** Opening Input data block **
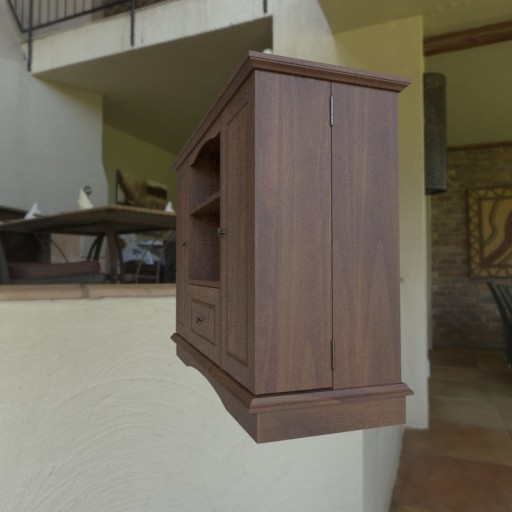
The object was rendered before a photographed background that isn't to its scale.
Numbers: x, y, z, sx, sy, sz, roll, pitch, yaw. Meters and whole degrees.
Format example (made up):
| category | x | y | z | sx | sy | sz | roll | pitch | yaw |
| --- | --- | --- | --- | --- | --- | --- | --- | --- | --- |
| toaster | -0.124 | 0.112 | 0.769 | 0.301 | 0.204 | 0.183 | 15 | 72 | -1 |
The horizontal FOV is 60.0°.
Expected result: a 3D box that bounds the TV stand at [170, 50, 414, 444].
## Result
| category | x | y | z | sx | sy | sz | roll | pitch | yaw |
| --- | --- | --- | --- | --- | --- | --- | --- | --- | --- |
| TV stand | 0.000 | 0.000 | 1.473 | 0.406 | 0.813 | 1.067 | 1 | -2 | -19 |
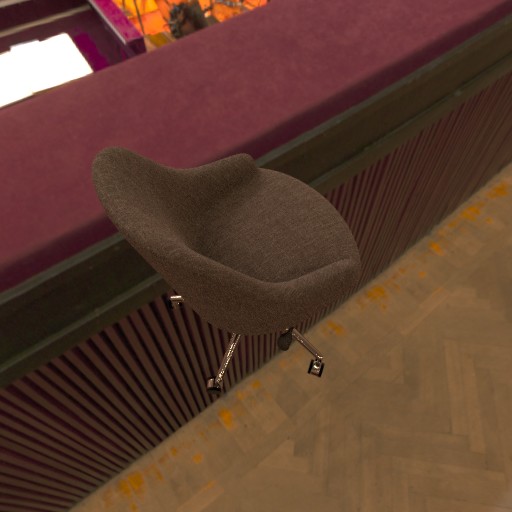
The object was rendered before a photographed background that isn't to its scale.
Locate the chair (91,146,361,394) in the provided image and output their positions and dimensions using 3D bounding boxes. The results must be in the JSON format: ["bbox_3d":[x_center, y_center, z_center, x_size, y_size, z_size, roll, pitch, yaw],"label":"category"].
[{"bbox_3d":[0.000,0.000,1.383,0.712,0.950,0.671,-31,62,-18],"label":"chair"}]
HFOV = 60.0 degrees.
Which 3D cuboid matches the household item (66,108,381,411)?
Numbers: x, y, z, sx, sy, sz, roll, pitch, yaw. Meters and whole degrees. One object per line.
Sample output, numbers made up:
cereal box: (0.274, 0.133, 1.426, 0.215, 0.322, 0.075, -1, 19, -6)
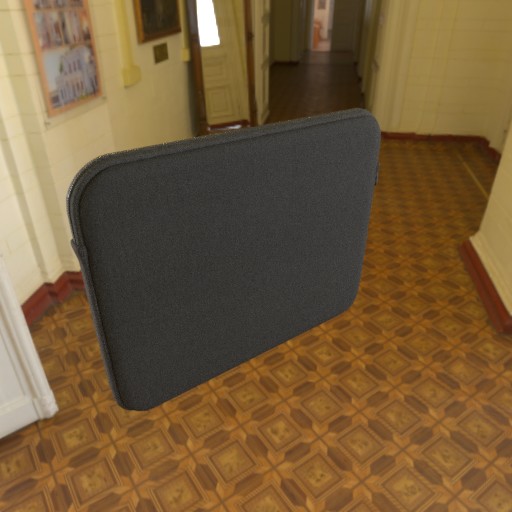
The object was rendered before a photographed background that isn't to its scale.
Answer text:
household item: (0.000, 0.000, 0.528, 0.396, 0.305, 0.030, -20, 36, -30)
** Closing Input data block **
[Problem to solve]: Retype the data above exactly, dropping every picture.

[Task solution]:
The object was rendered before a photographed background that isn't to its scale.
Numbers: x, y, z, sx, sy, sz, roll, pitch, yaw. Meters and whole degrees.
Format example (made up):
| category | x | y | z | sx | sy | sz | roll | pitch | yaw |
| --- | --- | --- | --- | --- | --- | --- | --- | --- | --- |
| toaster | -0.124 | 0.112 | 0.769 | 0.301 | 0.204 | 0.183 | 15 | 72 | -1 |
The horizontal FOV is 60.0°.
Expected result: a 3D box that bounds the TV stand at [170, 50, 414, 444].
## Result
| category | x | y | z | sx | sy | sz | roll | pitch | yaw |
| --- | --- | --- | --- | --- | --- | --- | --- | --- | --- |
| TV stand | 0.000 | 0.000 | 1.473 | 0.406 | 0.813 | 1.067 | 1 | -2 | -19 |
The object was rendered before a photographed background that isn't to its scale.
Locate the chair (91,146,361,394) in the provided image and output their positions and dimensions using 3D bounding boxes. The results must be in the JSON format: ["bbox_3d":[x_center, y_center, z_center, x_size, y_size, z_size, roll, pitch, yaw],"label":"category"].
[{"bbox_3d":[0.000,0.000,1.383,0.712,0.950,0.671,-31,62,-18],"label":"chair"}]
HFOV = 60.0 degrees.
Which 3D cuboid matches the household item (66,108,381,411)?
Numbers: x, y, z, sx, sy, sz, roll, pitch, yaw. Meters and whole degrees. One object per line.
Sample output, numbers made up:
cereal box: (0.274, 0.133, 1.426, 0.215, 0.322, 0.075, -1, 19, -6)
The object was rendered before a photographed background that isn't to its scale.
Answer text:
household item: (0.000, 0.000, 0.528, 0.396, 0.305, 0.030, -20, 36, -30)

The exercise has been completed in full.